(原題:CROSSFIRE )1947年製作のアメリカ映画だが、日本公開は86年である。エリア・カザン監督の「紳士協定」と同時期に作られ、共に反ユダヤ主義をテーマとする内容であったが、本作も人種差別の何たるかを鮮明に暴き出し、強いインパクトを残す。この時期の米映画を代表する力作だ。
第2次大戦が終結し、兵士達が戦地から復員してきた時期に、ある町でユダヤ人の復員兵のジョセフ・サミュエルが殺されるという事件が起きる。担当警部のフィンレイは、事件当時の夜にサミュエルが3人の復員兵とホテルのバーで一緒だったことを突き止める。フィンレイはそのうちの一人であるモンゴメリーと彼の上官であるキーリー軍曹に事情を聞くが、モンゴメリーと一緒だったミッチェルが泥酔して前後不覚になったという証言を得る。
しかもミッチェルはサミュエルと意気投合して彼のアパートまで行ったという。そこでミッチェルが一番怪しいということになったが、納得出来ないキーリー軍曹はフィンレイ警部と協力して事件の再調査に乗り出す。やがて意外な真相が浮かび上がってくるのだった。
犯行の動機は、人種的偏見による逆恨みである。復員兵がまともな職に就けないのは、ユダヤ人が悪い・・・・という短絡的思考により、犯人は凶行に及んだ。劇中でも説明されるが、このケースはたまたま犠牲者がユダヤ人だったが、マイノリティならば誰でも犯人の憎悪の対象になり得る。
ささくれ立った空気が横溢する大戦直後の雰囲気を、監督エドワード・ドミトリクはシャープに再現する。
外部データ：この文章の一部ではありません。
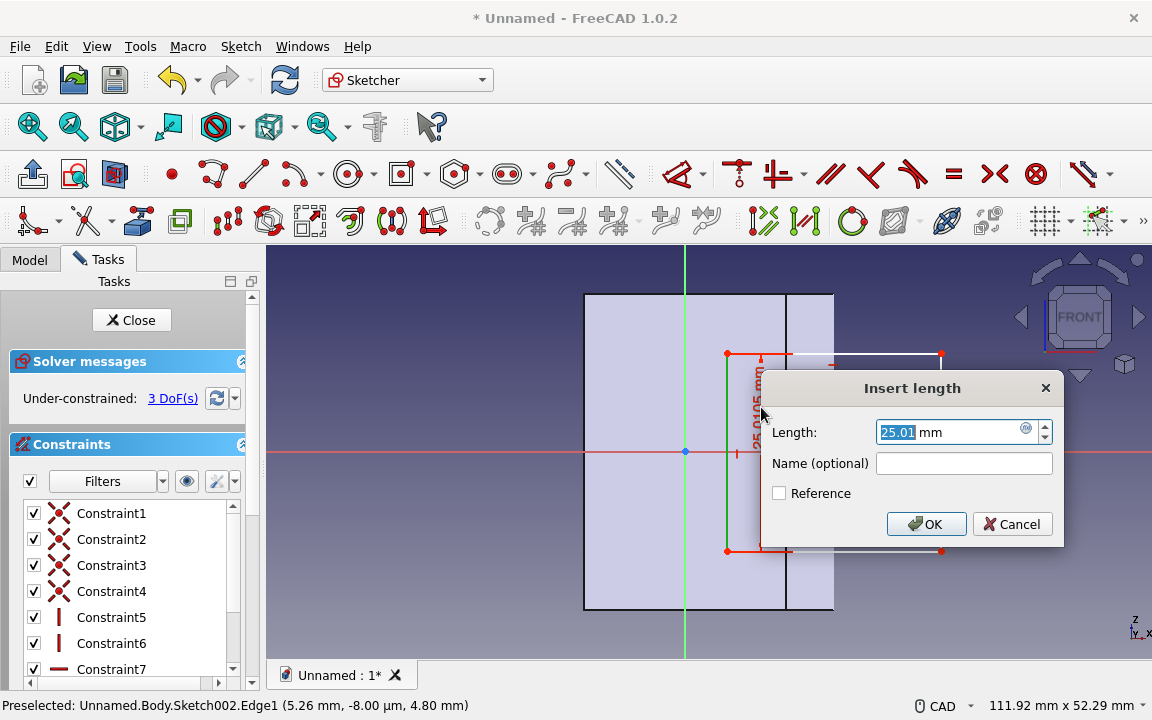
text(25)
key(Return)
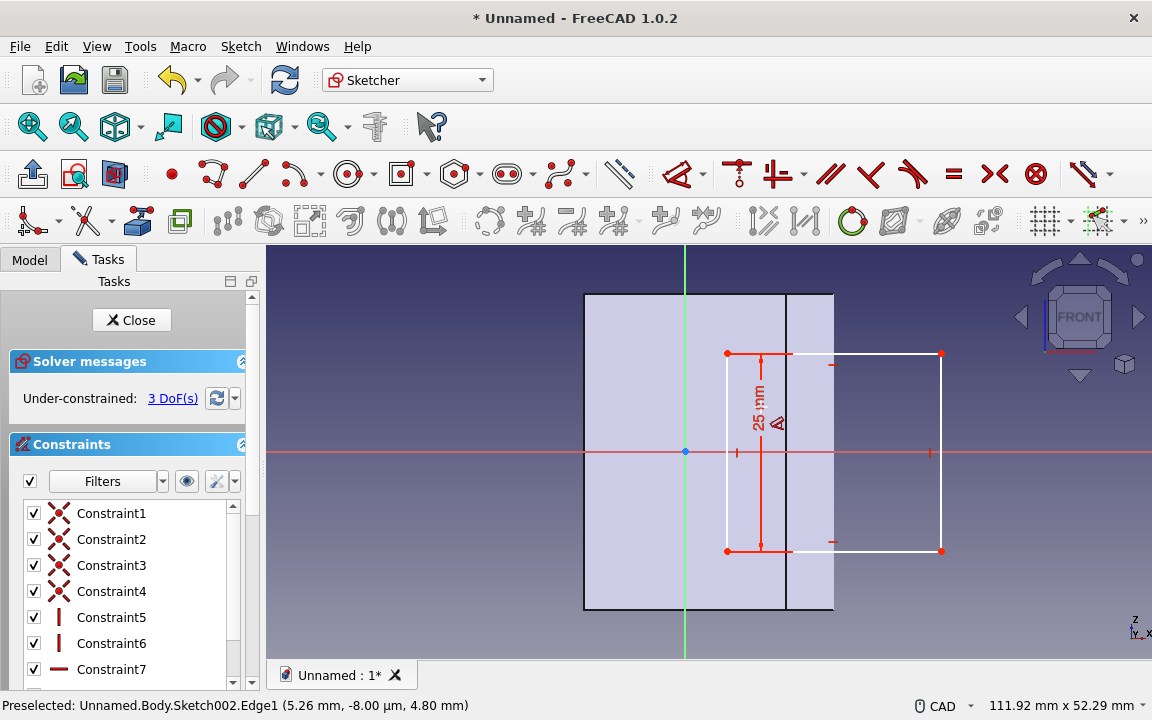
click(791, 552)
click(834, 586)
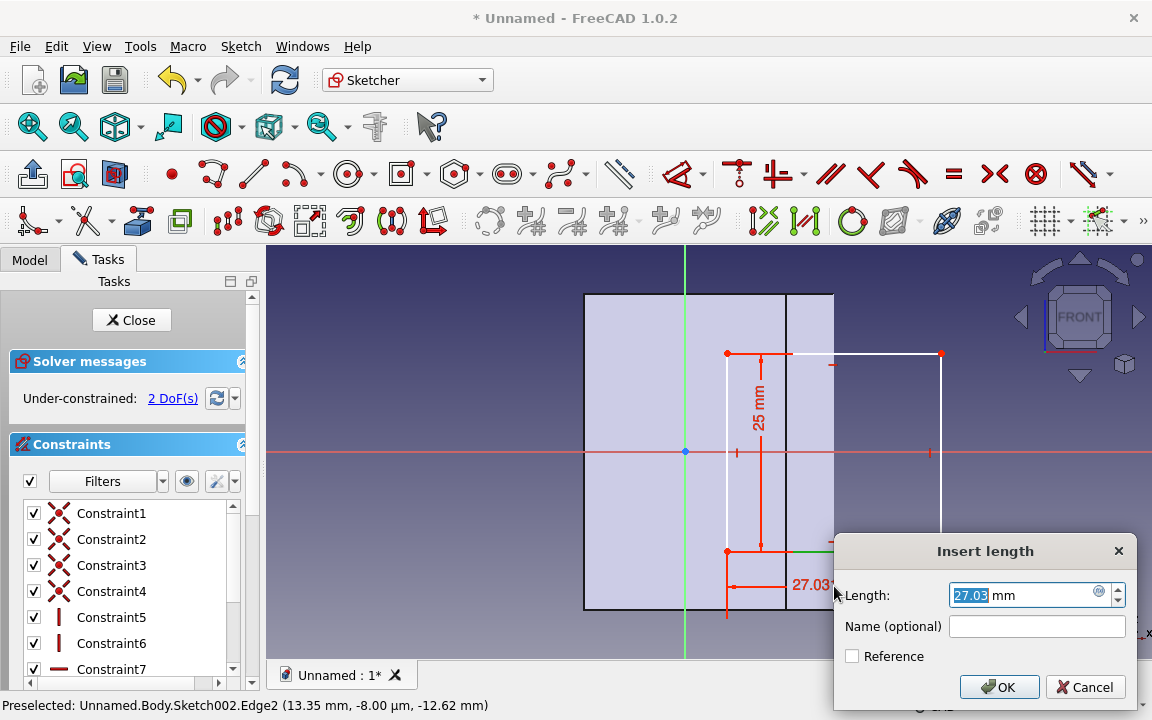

絶妙のキャラクター設定と強固なプロットで、上映時間を1時間25分にまとめた手腕も素晴らしい。
沈着冷静なフィンレイ警部に扮したロバート・ヤングのパフォーマンスは万全だが、キーリー役のロバート・ミッチャムの戦争に疲れ果てた表情も印象に残る。ロバート・ライアンやグロリア・グラハム、ポール・ケリーといった他のキャストも良い味を出している。J・ロイ・ハントのカメラによる切れ味のあるモノクロ映像は、登場人物達の鬱屈した心情を投影していて圧巻だ。
なお、本作によりドミトリクはいわゆる“赤狩り”の対象になり、辛酸を嘗めた。そんなアメリカの影の部分を背負っているあたりも、この映画の存在感を強調している。